2. Suppose that the set $L_n$ is a collection of $n$ lines in the plane for which no two lines are parallel, and no three lines are concurrent (that is, no three lines meet in one point). Let $a_n$ be the number of regions into which the plane is divided by the lines in $L_n$.
   1. Show that $a_{n+1}=a_n+n+1$.
   2. Find $a_n$ by induction.

      This is very similar to a problem on the homework. I will post the solution to this problem (as well as the homework problem) on Friday. For now, I will only say that it is ok to give a good DESCRIPTION of why $a_{n+1}=a_n+n+1$ as opposed to a very rigorous PROOF.

      Apologies to those of you who have been waiting just for this problem - I forgot that it was on the homework when I said that I would post it.

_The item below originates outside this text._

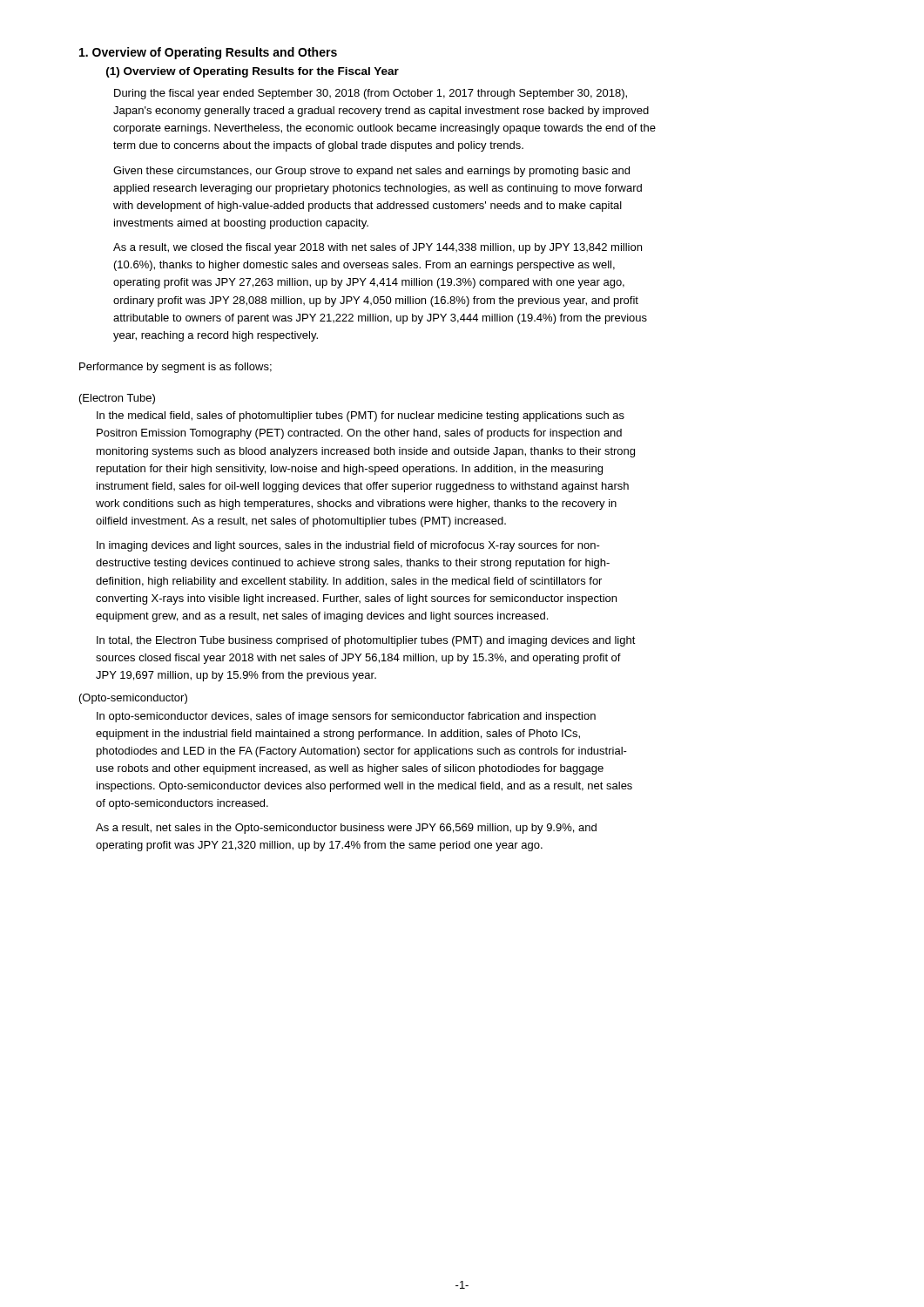Click the passage that begins "Given these circumstances,"

coord(378,196)
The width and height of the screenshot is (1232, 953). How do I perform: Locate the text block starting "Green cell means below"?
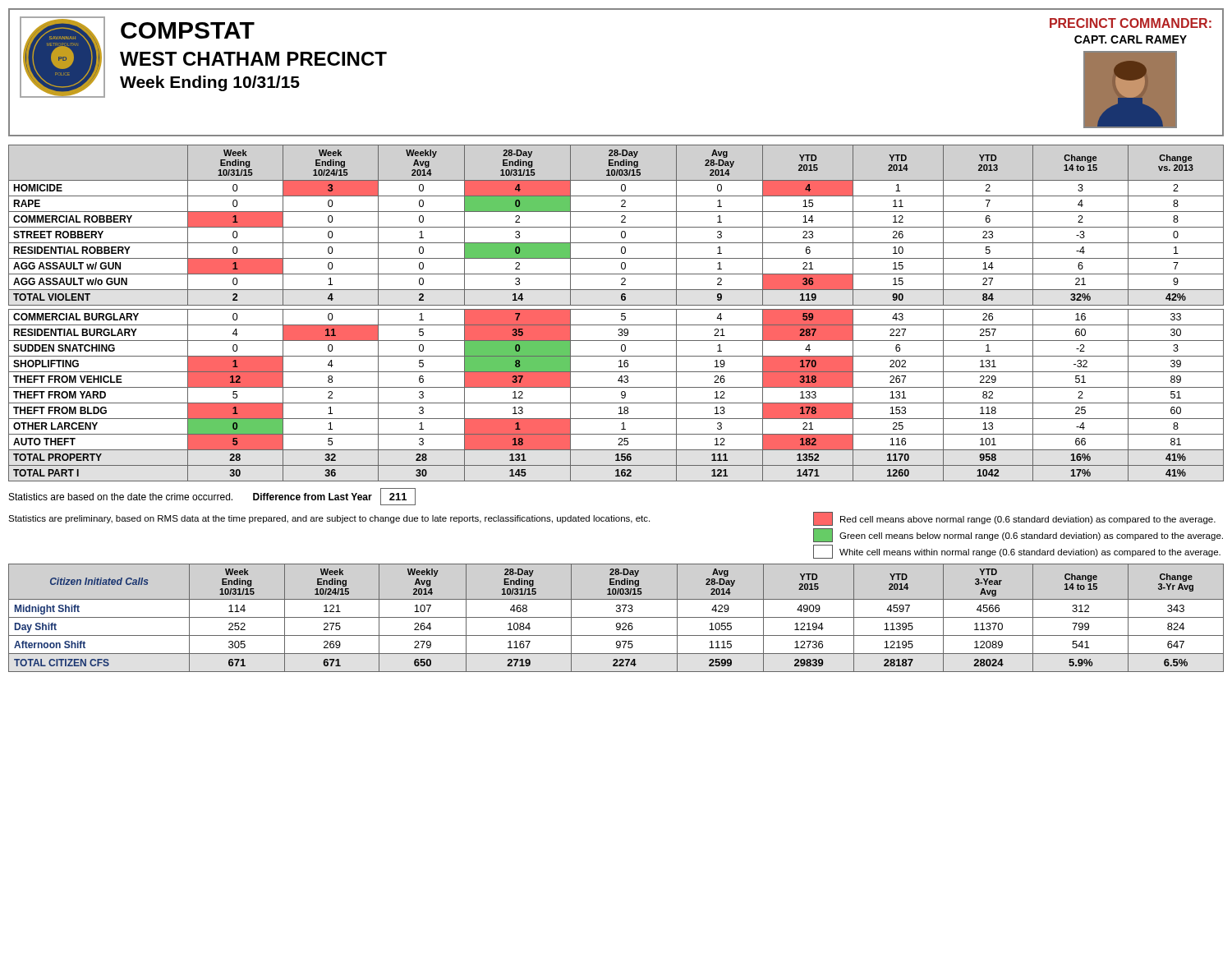click(1018, 535)
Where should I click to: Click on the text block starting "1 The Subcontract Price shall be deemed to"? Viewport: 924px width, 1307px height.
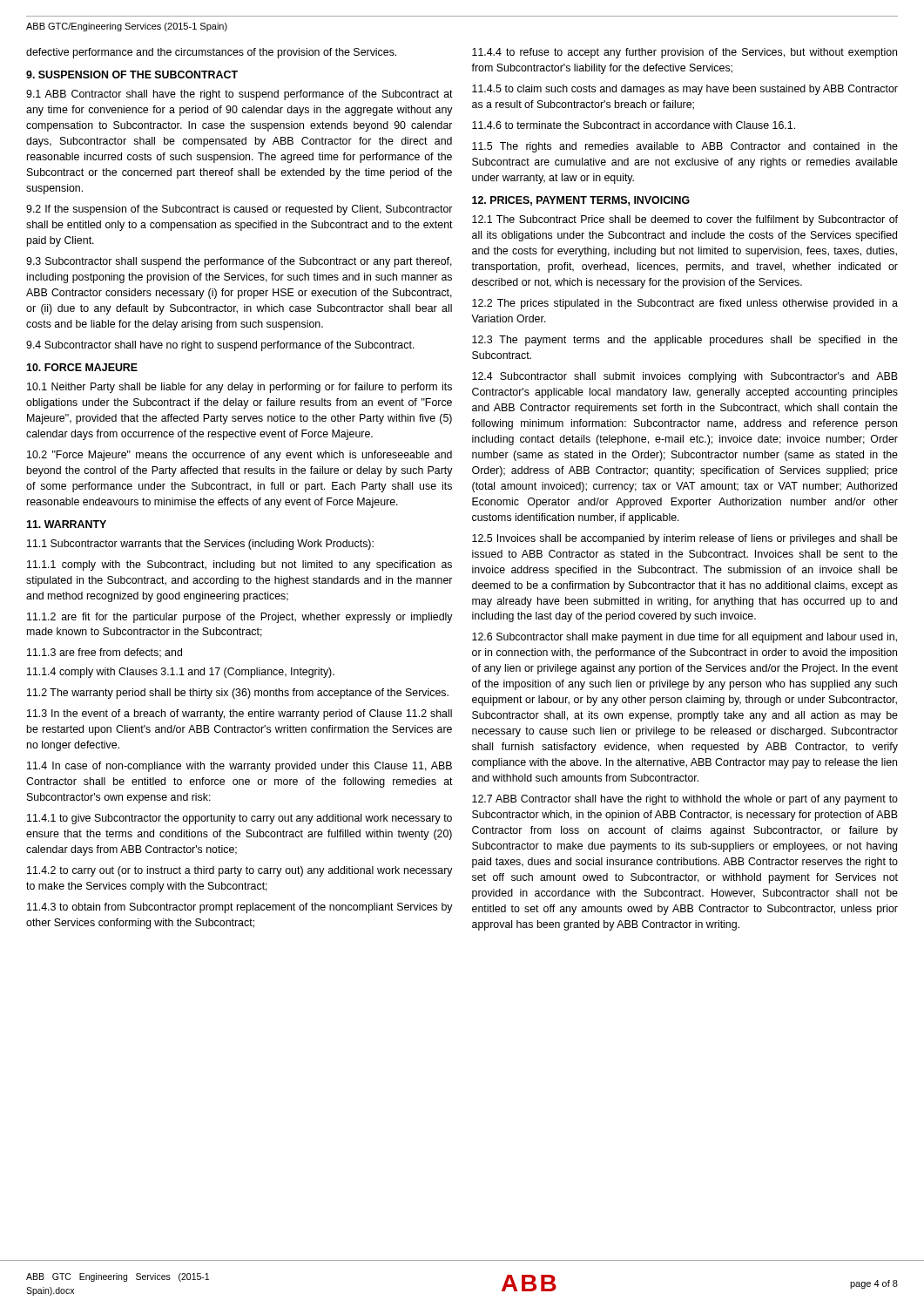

3. Let $S$ be a finite set and let $Map(S,S)$ be the set of maps from $S$ to itself. Define a binary operation on $Map(S,S)$ by
   
   $$Map(S,S)\times Map(S,S)\to Map(S,S)$$
   
   
   
   
   $$(f,g)\mapsto g\circ f$$
   
   
   That is, the binary operation $\circ$ is composition of maps.
   1. Is $\circ$ associative? Explain or show a counterexample.

      Yes, $\circ$ is associative, since when composing maps there is a unique choice of order. That is, $(h\circ (g\circ f))(s)= h(g(f(s)))=((h\circ g)\circ f) (s)$.

   2. Is $\circ$ commutative? Explain or show a counterexample.

      No, $\circ$ is not commutative. Let $S$ be the set $\{ 1, 2, 3 \}$. Let $f$ be the map defined by $f(1)=2$, $f(2)=3$ and $f(3)=1$. Let $g$ be the map defined by $g(1)=1$, $g(2)=1$ and $g(3)=2$. Then $f\circ g$ is the map with $f(g(1))=2$, $f(g(2))=2$ and $f(g(3))=3$. On the other hand, $g\circ f$ is the map with $g(f(1))=1$, $g(f(2))=2$ and $g(f(3))=1$. These are not equal, so $\circ$ is not commutative. There are many many other examples.

   3. Does $\circ$ have an identity? Explain or show a counterexample. Yes, $\circ$ has an identity. It is the map $1_S$ which is defined by the property that for any $s\in S$, $1_S(s)=s$. If $f$ is any map from $S$ to $S$, then for any element $s\in S$, $(1_S\circ f)(s)=1_S(f(s))=f(s)$. So $1_S\circ f=f$. On the other hand, $(f\circ 1_S)(s)=f(1_S(s))=f(s)$, and $f\circ 1_S=f$. This shows that $1_S$ is the identity.

      In a set $X$ with binary operation $*$ and identity $e$, an element $x\in X$ is said to have an inverse if there is an element $y\in X$ such that $x*y=e=y*x$.

   4. Which elements of $Map(S,S)$ have inverses?

      The bijective maps have inverses.